Carros voadores no Brasil passaram a integrar oficialmente a agenda regulatória do governo federal. Na próxima quinta-feira (19/03), o Ministério de Portos e Aeroportos deve iniciar uma tomada de subsídios para estruturar regras para aeronaves elétricas de decolagem vertical (eVTOL) e drones, tecnologia associada à mobilidade aérea avançada para transporte urbano e logística.
A iniciativa busca reunir contribuições de empresas de tecnologia aeronáutica, entidades do setor, especialistas e órgãos públicos. O objetivo é construir uma base técnica para futuras políticas públicas voltadas ao transporte de passageiros e cargas em trajetos curtos, segundo o Ministério.
Carros voadores no Brasil entram no radar regulatório
O levantamento será conduzido pela Secretaria de Aviação Civil em parceria com a Agência Nacional de Aviação Civil (Anac) e o Departamento de Controle do Espaço Aéreo (DECEA). A consulta pretende identificar lacunas no ordenamento jurídico e levantar riscos e oportunidades ligados à operação das novas aeronaves.
De acordo com o secretário de Aviação Civil, Daniel Longo, o processo de regulação de carros voadores no Brasil vai reunir contribuições de diversos atores. A meta, segundo ele, é “encontrar lacunas no ordenamento jurídico brasileiro, mapear riscos e oportunidades e oferecer diretrizes à segurança das operações”.
Entre os temas analisados estão segurança operacional, gestão do espaço aéreo, infraestrutura urbana, impactos ambientais, defesa do consumidor, capacitação de profissionais e pesquisa e desenvolvimento. O conjunto dessas informações deve orientar a construção de um marco regulatório para o setor.
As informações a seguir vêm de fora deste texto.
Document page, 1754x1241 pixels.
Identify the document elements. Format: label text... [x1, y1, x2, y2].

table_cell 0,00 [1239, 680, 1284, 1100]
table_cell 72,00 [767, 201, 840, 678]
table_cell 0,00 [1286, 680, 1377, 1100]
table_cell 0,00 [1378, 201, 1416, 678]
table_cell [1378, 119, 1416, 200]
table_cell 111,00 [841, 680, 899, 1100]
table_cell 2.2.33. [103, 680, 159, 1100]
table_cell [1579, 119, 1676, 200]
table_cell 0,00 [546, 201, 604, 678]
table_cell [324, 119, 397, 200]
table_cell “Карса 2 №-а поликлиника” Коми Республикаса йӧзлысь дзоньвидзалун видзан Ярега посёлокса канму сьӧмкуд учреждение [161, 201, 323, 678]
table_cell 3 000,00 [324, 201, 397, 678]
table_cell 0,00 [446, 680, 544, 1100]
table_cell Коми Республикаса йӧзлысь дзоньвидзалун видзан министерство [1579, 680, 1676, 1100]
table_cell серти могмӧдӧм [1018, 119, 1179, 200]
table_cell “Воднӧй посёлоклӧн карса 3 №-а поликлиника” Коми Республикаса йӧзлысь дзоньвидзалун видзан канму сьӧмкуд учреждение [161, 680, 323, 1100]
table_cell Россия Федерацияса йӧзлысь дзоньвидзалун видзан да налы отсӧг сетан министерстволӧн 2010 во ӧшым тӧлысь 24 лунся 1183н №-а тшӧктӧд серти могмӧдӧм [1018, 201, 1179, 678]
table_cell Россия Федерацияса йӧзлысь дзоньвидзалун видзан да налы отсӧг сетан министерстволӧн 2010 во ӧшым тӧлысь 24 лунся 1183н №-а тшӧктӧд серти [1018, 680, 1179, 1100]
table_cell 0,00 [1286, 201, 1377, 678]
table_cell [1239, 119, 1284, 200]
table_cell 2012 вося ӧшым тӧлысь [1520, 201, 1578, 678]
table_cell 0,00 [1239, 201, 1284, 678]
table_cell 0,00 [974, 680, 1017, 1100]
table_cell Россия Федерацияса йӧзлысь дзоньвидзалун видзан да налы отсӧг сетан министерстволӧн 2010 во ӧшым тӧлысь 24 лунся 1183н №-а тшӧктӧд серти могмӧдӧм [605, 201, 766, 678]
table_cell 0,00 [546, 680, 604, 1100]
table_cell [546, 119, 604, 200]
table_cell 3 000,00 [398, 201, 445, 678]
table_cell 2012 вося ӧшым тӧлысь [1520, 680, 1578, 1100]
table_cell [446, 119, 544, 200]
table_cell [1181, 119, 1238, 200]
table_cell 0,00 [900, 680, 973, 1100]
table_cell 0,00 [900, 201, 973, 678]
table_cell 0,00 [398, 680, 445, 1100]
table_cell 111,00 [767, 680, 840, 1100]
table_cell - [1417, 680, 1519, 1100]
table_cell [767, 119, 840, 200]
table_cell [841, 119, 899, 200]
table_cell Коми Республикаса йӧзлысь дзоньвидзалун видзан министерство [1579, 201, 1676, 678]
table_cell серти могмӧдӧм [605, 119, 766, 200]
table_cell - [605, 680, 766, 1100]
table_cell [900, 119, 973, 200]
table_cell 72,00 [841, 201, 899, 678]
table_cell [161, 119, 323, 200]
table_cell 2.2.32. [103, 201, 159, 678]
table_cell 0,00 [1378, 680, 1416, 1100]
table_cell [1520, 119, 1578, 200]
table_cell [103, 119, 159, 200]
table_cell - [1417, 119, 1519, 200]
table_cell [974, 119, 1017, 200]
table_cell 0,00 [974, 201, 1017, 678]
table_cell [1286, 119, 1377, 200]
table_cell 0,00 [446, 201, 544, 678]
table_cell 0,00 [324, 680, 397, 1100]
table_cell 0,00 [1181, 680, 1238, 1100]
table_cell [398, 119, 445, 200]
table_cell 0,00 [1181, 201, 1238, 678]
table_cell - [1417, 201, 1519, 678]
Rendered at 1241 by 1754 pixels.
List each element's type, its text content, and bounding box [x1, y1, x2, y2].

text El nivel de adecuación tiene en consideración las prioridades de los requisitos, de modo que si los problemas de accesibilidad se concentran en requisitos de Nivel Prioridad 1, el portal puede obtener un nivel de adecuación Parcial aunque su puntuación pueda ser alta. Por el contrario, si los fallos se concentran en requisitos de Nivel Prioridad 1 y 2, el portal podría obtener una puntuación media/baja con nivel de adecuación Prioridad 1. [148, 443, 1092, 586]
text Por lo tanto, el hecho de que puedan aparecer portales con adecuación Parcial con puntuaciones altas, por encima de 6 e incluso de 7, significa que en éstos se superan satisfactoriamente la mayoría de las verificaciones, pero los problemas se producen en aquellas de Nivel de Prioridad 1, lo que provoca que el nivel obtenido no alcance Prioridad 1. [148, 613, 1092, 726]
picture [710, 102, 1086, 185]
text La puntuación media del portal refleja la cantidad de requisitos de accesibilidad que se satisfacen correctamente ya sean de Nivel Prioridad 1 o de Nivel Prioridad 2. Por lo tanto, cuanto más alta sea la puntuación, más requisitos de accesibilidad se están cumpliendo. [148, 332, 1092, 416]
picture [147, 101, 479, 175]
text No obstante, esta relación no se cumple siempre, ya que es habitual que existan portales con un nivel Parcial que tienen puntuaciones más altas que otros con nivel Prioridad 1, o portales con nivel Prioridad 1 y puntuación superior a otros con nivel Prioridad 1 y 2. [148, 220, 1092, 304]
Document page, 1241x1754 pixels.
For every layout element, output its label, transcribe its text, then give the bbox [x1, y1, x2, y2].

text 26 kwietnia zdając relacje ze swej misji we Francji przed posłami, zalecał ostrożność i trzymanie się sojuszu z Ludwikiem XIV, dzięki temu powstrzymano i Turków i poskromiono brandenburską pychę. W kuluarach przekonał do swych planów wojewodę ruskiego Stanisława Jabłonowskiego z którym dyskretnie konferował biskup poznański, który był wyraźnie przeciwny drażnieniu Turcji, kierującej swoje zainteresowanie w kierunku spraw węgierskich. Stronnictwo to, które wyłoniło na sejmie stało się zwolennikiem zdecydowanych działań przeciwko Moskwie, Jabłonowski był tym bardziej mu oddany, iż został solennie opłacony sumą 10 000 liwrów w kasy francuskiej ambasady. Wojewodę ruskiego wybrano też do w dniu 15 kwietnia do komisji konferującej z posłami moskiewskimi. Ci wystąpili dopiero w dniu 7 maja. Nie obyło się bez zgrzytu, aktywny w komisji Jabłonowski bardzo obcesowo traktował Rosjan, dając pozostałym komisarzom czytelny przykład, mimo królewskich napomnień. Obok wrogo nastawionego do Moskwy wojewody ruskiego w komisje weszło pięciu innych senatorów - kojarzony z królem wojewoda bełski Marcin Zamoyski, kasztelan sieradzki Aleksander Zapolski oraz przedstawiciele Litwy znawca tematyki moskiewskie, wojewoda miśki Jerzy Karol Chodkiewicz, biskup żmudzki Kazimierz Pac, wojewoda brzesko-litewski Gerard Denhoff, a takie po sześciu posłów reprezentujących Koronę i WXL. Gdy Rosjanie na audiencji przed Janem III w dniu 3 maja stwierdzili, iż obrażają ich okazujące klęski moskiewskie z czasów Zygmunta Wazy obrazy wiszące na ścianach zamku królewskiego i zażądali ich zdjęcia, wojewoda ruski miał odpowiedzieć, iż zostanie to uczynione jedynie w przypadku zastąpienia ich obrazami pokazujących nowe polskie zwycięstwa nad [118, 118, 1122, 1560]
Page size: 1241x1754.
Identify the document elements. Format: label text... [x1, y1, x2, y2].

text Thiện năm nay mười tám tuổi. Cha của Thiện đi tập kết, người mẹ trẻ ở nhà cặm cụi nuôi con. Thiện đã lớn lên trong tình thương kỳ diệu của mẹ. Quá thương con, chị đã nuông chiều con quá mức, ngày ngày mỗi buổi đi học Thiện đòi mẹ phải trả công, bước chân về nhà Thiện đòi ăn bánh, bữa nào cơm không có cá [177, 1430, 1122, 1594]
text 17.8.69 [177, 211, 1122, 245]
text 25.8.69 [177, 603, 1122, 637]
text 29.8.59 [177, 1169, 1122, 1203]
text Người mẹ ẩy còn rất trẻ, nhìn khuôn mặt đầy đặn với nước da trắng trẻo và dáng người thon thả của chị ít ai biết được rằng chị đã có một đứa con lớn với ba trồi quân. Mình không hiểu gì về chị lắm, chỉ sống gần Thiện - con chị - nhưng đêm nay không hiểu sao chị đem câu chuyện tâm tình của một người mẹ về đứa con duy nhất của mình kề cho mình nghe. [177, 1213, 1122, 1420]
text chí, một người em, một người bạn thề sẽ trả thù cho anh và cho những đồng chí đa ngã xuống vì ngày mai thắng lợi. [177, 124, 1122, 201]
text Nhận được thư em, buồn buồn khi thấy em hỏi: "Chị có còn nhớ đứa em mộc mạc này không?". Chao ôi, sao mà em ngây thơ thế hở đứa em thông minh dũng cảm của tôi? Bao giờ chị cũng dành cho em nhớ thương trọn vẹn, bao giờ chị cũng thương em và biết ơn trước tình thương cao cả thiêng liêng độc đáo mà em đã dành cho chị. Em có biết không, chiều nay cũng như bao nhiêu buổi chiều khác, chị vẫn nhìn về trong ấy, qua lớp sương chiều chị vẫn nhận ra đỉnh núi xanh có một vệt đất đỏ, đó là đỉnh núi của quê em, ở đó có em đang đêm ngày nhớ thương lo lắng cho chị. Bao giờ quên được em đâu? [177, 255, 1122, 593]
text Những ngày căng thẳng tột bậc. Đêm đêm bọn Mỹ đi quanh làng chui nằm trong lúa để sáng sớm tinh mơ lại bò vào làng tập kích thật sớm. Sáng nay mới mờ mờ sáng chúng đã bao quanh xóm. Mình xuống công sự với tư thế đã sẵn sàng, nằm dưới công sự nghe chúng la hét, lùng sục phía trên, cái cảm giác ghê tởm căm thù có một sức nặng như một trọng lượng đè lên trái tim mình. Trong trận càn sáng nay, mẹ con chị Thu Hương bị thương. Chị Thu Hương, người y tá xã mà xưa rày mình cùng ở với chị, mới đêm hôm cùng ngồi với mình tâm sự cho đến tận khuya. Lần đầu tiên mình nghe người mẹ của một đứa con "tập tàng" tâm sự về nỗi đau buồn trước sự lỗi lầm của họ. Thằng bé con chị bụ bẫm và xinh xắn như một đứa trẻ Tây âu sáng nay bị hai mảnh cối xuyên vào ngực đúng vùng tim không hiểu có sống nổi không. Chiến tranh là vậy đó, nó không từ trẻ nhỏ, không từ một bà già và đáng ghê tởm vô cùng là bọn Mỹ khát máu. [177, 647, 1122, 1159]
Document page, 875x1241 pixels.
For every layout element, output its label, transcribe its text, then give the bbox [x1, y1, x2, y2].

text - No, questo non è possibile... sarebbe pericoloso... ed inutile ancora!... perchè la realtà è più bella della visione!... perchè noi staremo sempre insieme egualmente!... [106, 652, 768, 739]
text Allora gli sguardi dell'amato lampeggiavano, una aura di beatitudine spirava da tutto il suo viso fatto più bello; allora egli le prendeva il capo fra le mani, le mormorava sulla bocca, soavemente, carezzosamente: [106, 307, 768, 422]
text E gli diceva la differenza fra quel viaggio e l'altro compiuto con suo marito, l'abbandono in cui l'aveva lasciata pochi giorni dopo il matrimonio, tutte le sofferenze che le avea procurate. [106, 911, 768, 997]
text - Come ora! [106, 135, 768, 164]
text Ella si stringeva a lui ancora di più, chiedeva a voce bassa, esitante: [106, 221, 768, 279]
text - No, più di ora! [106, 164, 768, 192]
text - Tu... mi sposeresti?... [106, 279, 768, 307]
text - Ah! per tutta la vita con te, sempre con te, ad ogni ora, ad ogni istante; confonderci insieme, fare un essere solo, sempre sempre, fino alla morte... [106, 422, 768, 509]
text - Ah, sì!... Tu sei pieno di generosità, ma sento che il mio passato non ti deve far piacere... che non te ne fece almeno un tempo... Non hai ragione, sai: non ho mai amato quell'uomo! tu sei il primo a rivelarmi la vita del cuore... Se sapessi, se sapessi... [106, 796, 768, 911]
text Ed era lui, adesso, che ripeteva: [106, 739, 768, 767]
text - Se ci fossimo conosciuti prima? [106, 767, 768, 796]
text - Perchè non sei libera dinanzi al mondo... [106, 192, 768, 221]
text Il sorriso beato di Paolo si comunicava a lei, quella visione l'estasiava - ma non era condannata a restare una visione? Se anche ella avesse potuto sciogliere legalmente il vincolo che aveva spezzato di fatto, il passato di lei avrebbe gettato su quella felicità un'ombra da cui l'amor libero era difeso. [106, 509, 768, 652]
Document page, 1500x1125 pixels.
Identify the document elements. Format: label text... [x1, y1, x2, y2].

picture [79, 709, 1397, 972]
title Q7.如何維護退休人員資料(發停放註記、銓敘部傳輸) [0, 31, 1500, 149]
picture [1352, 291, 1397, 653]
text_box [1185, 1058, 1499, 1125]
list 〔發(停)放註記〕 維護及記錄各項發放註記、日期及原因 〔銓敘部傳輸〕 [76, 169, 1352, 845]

Regulamentação da mobilidade aérea avançada
Os eVTOLs, os “carros voadores”, são aeronaves elétricas capazes de decolar e pousar verticalmente, dispensando pistas tradicionais. Por isso, empresas do setor, como a Embraer, que realizou testes em 2025, apontam os eVTOLs como alternativa para deslocamentos urbanos rápidos e para operações de logística aérea de curta distância.
Outro ponto avaliado pelo governo envolve a infraestrutura para o uso de carros voadores no Brasil. O país já possui uma ampla rede de helipontos urbanos graças a serviços de transporte privado, que operadores e cidades podem adaptar para funcionar como vertiportos, estruturas projetadas para receber aeronaves desse tipo.
Essa possibilidade, portanto, pode reduzir parte do investimento inicial necessário para operações comerciais. Além disso, a transição poderia estimular novos projetos na indústria aeronáutica brasileira e em empresas de tecnologia ligadas à mobilidade aérea.
Carros voadores no Brasil e o cenário internacional
O avanço regulatório ocorre enquanto outros países já estruturam regras para o setor. A China autorizou a primeira operação comercial com eVTOLs, enquanto Estados Unidos, União Europeia e Japão desenvolvem normas e processos de certificação para essas aeronaves.
No Brasil, especialistas do setor apontam que a ausência de um marco legal específico ainda limita a previsibilidade para investidores e operadores interessados em explorar o mercado.
Nesse contexto, a consulta aberta pelo Ministério dos Portos e Aeroportos representa uma etapa preparatória para organizar o ambiente regulatório. Ao reunir contribuições técnicas e institucionais, o processo pode orientar decisões sobre segurança aérea, infraestrutura urbana, regulação tecnológica e modelos de operação, elementos centrais para viabilizar carros voadores no Brasil.